Lockerbie Bomber Doing Fine

The early release of the Lockerbie bomber leads to suspicions of corruption involving Blair, Qaddafi, and British oil.

Maayana Miskin , | updated: 19:52

Libyan President Muaamar Qaddafi
Libyan President Muaamar Qaddafi
Israel news photo: Wikimedia Commons

The early release of Lockerbie bomber Abdelbaset al-Megrahi has led to suspicions of corruption involving former Prime Minister Tony Blair, Libyan leader Moammer Qaddafi, and the British Petroleum oil company.

British Petroleum has been accused of playing a role in Megrahi's release in order to protect its Libyan oil contracts.

The United States Senate's Foreign Affairs Committee will hold a meeting on BP's alleged involvement in the release later in July. BP has faced trouble in the US in recent weeks over a huge oil spill in the Gulf of Mexico.

British Prime Minister David Cameron plans to meet this week with US President Barack Obama. Cameron is expected to deny that BP's oil contracts played a role in the decision to release Megrahi.

British Foreign Secretary William Hague wrote to US Secretary of State Hillary Clinton on Saturday, saying, “There is no evidence that corroborates in any way the allegations of BP involvement in the Scottish executive's decision to release Megrahi on compassionate grounds in 2009, nor any suggestion that the Scottish executive decided to release Megrahi in order to facilitate oil deals for BP.”

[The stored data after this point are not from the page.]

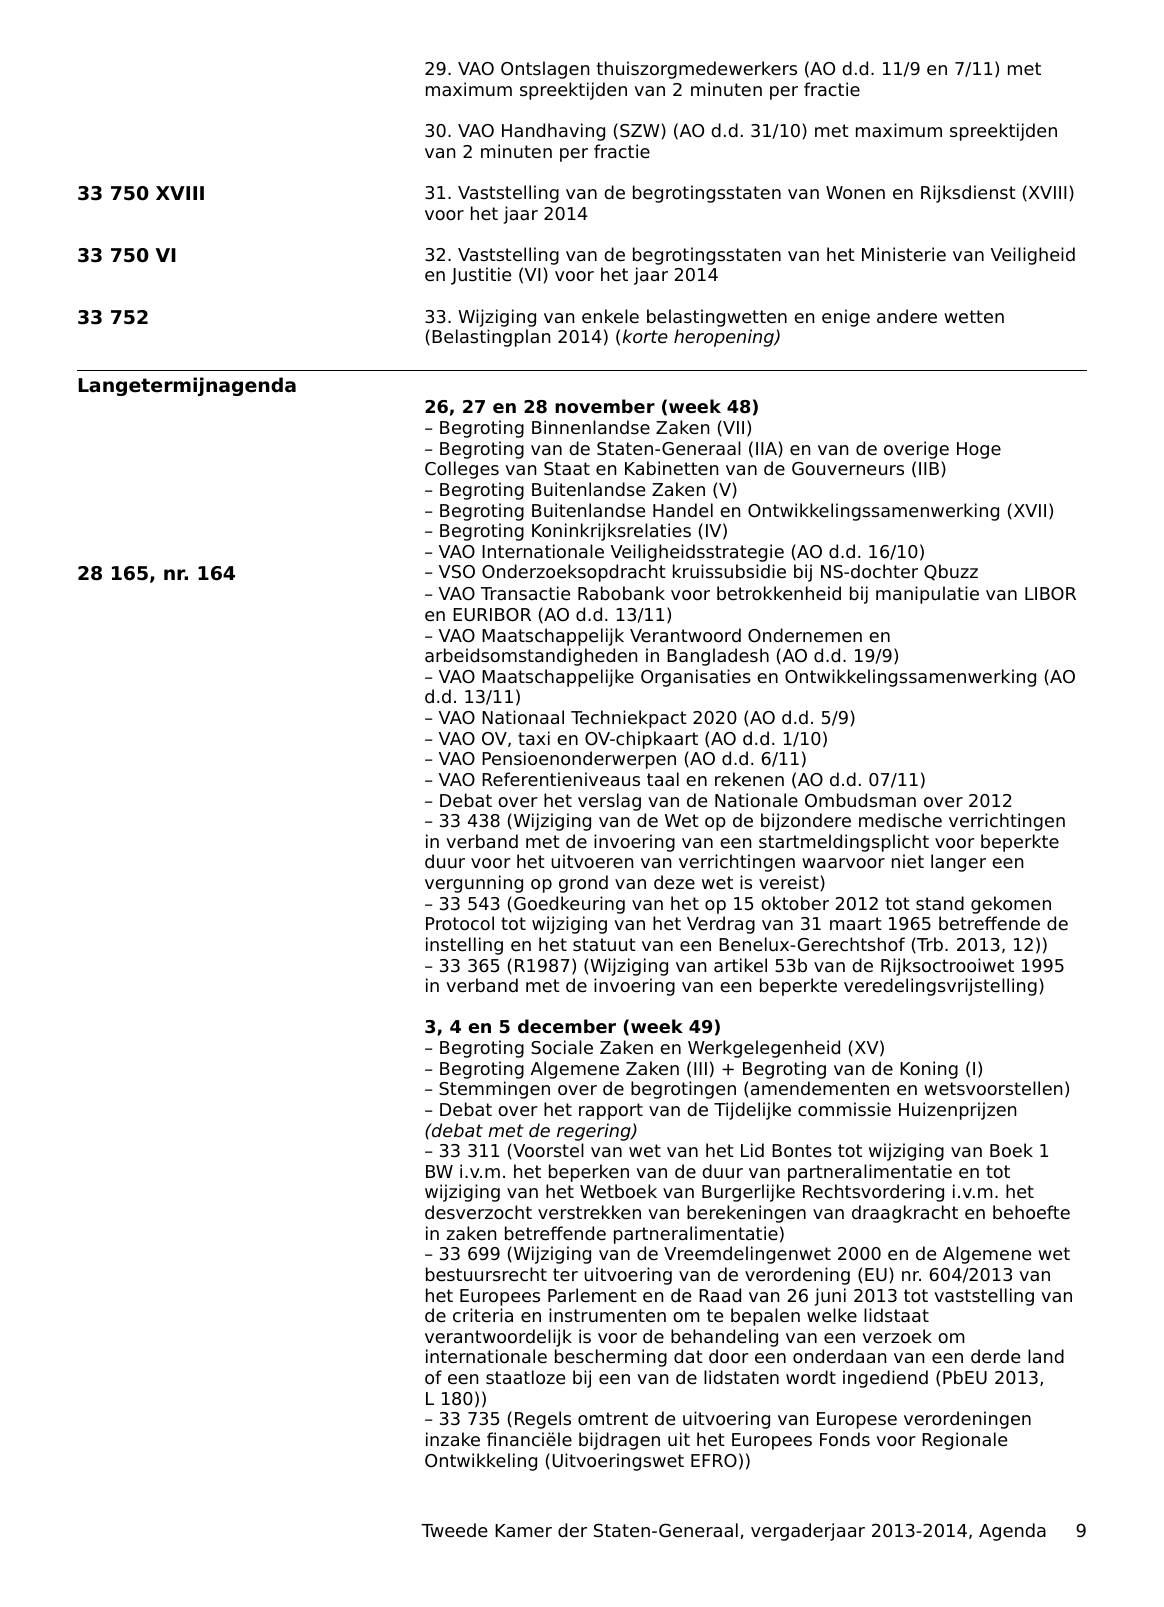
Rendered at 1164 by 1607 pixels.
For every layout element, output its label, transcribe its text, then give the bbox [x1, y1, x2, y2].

table_cell [401, 997, 418, 1017]
table_cell [77, 121, 401, 162]
table_cell [77, 542, 401, 562]
table_cell [77, 1141, 401, 1244]
table_cell [77, 398, 401, 418]
table_cell 3, 4 en 5 december (week 49) [418, 1018, 1087, 1038]
table_cell [401, 439, 418, 480]
table_cell [401, 770, 418, 791]
table_cell [77, 956, 401, 997]
table_cell – VAO Pensioenonderwerpen (AO d.d. 6/11) [418, 749, 1087, 770]
table_cell – VSO Onderzoeksopdracht kruissubsidie bij NS-dochter Qbuzz [418, 563, 1087, 584]
table_cell – VAO Maatschappelijk Verantwoord Ondernemen en arbeidsomstandigheden in Bangladesh (AO d.d. 19/9) [418, 626, 1087, 667]
table_cell – VAO Transactie Rabobank voor betrokkenheid bij manipulatie van LIBOR en EURIBOR (AO d.d. 13/11) [418, 584, 1087, 626]
table_cell [401, 894, 418, 956]
table_cell [418, 286, 1087, 307]
table_cell [77, 1244, 401, 1409]
table_cell 29. VAO Ontslagen thuiszorgmedewerkers (AO d.d. 11/9 en 7/11) met maximum spreektijden van 2 minuten per fractie [418, 59, 1087, 100]
table_cell [401, 398, 418, 418]
table_cell [77, 708, 401, 729]
table_cell [418, 162, 1087, 183]
table_cell [77, 997, 401, 1017]
table_cell [77, 439, 401, 480]
table_cell – 33 543 (Goedkeuring van het op 15 oktober 2012 tot stand gekomen Protocol tot wijziging van het Verdrag van 31 maart 1965 betreffende de instelling en het statuut van een Benelux-Gerechtshof (Trb. 2013, 12)) [418, 894, 1087, 956]
table_cell [401, 121, 418, 162]
table_cell – VAO OV, taxi en OV-chipkaart (AO d.d. 1/10) [418, 729, 1087, 749]
table_cell – Begroting Koninkrijksrelaties (IV) [418, 521, 1087, 542]
table_cell [401, 501, 418, 521]
table_cell [401, 626, 418, 667]
table_header [418, 371, 1087, 397]
table_cell [401, 1059, 418, 1079]
table_cell [401, 729, 418, 749]
table_cell – Debat over het rapport van de Tijdelijke commissie Huizenprijzen (debat met de regering) [418, 1100, 1087, 1141]
table_cell [401, 1141, 418, 1244]
table_cell – VAO Internationale Veiligheidsstrategie (AO d.d. 16/10) [418, 542, 1087, 562]
table_cell [401, 162, 418, 183]
table_cell [401, 183, 418, 224]
table_cell 33 752 [77, 307, 401, 348]
table_cell [401, 245, 418, 286]
table_cell [401, 563, 418, 584]
table_cell [77, 59, 401, 100]
table_cell [77, 894, 401, 956]
table_header [401, 371, 418, 397]
table_cell [77, 224, 401, 245]
table_cell 33. Wijziging van enkele belastingwetten en enige andere wetten (Belastingplan 2014) (korte heropening) [418, 307, 1087, 348]
table_cell 26, 27 en 28 november (week 48) [418, 398, 1087, 418]
table_cell [401, 1018, 418, 1038]
table_cell – Begroting Buitenlandse Zaken (V) [418, 480, 1087, 501]
table_cell [401, 224, 418, 245]
table_cell [401, 480, 418, 501]
table_cell [77, 1038, 401, 1059]
table_cell [77, 667, 401, 708]
table_cell – Begroting Algemene Zaken (III) + Begroting van de Koning (I) [418, 1059, 1087, 1079]
table_cell [401, 1100, 418, 1141]
table_cell [77, 749, 401, 770]
table_cell [77, 584, 401, 626]
table_cell [77, 626, 401, 667]
table_cell [77, 480, 401, 501]
table_cell – Begroting Binnenlandse Zaken (VII) [418, 418, 1087, 439]
table_cell – VAO Maatschappelijke Organisaties en Ontwikkelingssamenwerking (AO d.d. 13/11) [418, 667, 1087, 708]
table_cell – Debat over het verslag van de Nationale Ombudsman over 2012 [418, 791, 1087, 811]
table_cell [401, 542, 418, 562]
table_cell [418, 997, 1087, 1017]
table_cell – Begroting Buitenlandse Handel en Ontwikkelingssamenwerking (XVII) [418, 501, 1087, 521]
table_cell 32. Vaststelling van de begrotingsstaten van het Ministerie van Veiligheid en Justitie (VI) voor het jaar 2014 [418, 245, 1087, 286]
table_cell – Begroting van de Staten-Generaal (IIA) en van de overige Hoge Colleges van Staat en Kabinetten van de Gouverneurs (IIB) [418, 439, 1087, 480]
table_cell [401, 1038, 418, 1059]
table_cell [77, 1409, 401, 1471]
table_cell [77, 162, 401, 183]
table_cell [418, 100, 1087, 121]
table_cell [77, 1059, 401, 1079]
table_cell 33 750 VI [77, 245, 401, 286]
table_cell – 33 699 (Wijziging van de Vreemdelingenwet 2000 en de Algemene wet bestuursrecht ter uitvoering van de verordening (EU) nr. 604/2013 van het Europees Parlement en de Raad van 26 juni 2013 tot vaststelling van de criteria en instrumenten om te bepalen welke lidstaat verantwoordelijk is voor de behandeling van een verzoek om internationale bescherming dat door een onderdaan van een derde land of een staatloze bij een van de lidstaten wordt ingediend (PbEU 2013, L 180)) [418, 1244, 1087, 1409]
table_cell – VAO Nationaal Techniekpact 2020 (AO d.d. 5/9) [418, 708, 1087, 729]
table_cell [77, 521, 401, 542]
table_cell – 33 735 (Regels omtrent de uitvoering van Europese verordeningen inzake financiële bijdragen uit het Europees Fonds voor Regionale Ontwikkeling (Uitvoeringswet EFRO)) [418, 1409, 1087, 1471]
table_cell [401, 956, 418, 997]
table_cell [401, 307, 418, 348]
table_cell [77, 791, 401, 811]
table_cell [77, 729, 401, 749]
table_cell [77, 501, 401, 521]
table_cell [401, 811, 418, 894]
table_cell [401, 1079, 418, 1100]
table_cell 28 165, nr. 164 [77, 563, 401, 584]
table_cell [77, 770, 401, 791]
table_cell [77, 1079, 401, 1100]
table_cell [401, 418, 418, 439]
table_cell 30. VAO Handhaving (SZW) (AO d.d. 31/10) met maximum spreektijden van 2 minuten per fractie [418, 121, 1087, 162]
table_cell [77, 418, 401, 439]
table_cell 33 750 XVIII [77, 183, 401, 224]
table_cell [418, 224, 1087, 245]
table_cell – 33 365 (R1987) (Wijziging van artikel 53b van de Rijksoctrooiwet 1995 in verband met de invoering van een beperkte veredelingsvrijstelling) [418, 956, 1087, 997]
table_cell – 33 311 (Voorstel van wet van het Lid Bontes tot wijziging van Boek 1 BW i.v.m. het beperken van de duur van partneralimentatie en tot wijziging van het Wetboek van Burgerlijke Rechtsvordering i.v.m. het desverzocht verstrekken van berekeningen van draagkracht en behoefte in zaken betreffende partneralimentatie) [418, 1141, 1087, 1244]
table_cell [77, 286, 401, 307]
table_cell – VAO Referentieniveaus taal en rekenen (AO d.d. 07/11) [418, 770, 1087, 791]
table_cell [401, 708, 418, 729]
table_cell [401, 1409, 418, 1471]
table_cell [401, 1244, 418, 1409]
table_cell [401, 286, 418, 307]
table_cell [77, 1100, 401, 1141]
table_cell [401, 521, 418, 542]
table_cell 31. Vaststelling van de begrotingsstaten van Wonen en Rijksdienst (XVIII) voor het jaar 2014 [418, 183, 1087, 224]
table_cell [401, 584, 418, 626]
table_cell [77, 811, 401, 894]
table_cell [401, 667, 418, 708]
table_cell [401, 100, 418, 121]
table_cell [77, 1018, 401, 1038]
table_cell – Begroting Sociale Zaken en Werkgelegenheid (XV) [418, 1038, 1087, 1059]
table_cell – 33 438 (Wijziging van de Wet op de bijzondere medische verrichtingen in verband met de invoering van een startmeldingsplicht voor beperkte duur voor het uitvoeren van verrichtingen waarvoor niet langer een vergunning op grond van deze wet is vereist) [418, 811, 1087, 894]
table_header Langetermijnagenda [77, 371, 401, 397]
table_cell [401, 749, 418, 770]
table_cell [77, 100, 401, 121]
table_cell [401, 791, 418, 811]
table_cell [401, 59, 418, 100]
table_cell – Stemmingen over de begrotingen (amendementen en wetsvoorstellen) [418, 1079, 1087, 1100]

Megrahi was convicted in the 1988 bombing of a United States Pan Am jet over Lockerbie in which 270 people were murdered. He was released from prison in 2009 on "compassionate grounds" after a doctor testified that he had fewer than three months to live.

Despite the prognosis Megrahi remains alive almost a year after his release. Professor Karol Sikora, who was paid by Libya to estimate Megrahi's date of death, told the Sunday Times earlier this month that “there was a fifty percent chance that he would die in three months, but there was also a fifty percent chance that he would live longer.”

Megrahi “could live for 10 years, 20 years,” Sikora said. However, he said, such an outcome would be “very unusual.”

The revelation that Megrahi was not in fact at death's door when he was released angered United States authorities, as well as the friends and families of victims in America and Britain.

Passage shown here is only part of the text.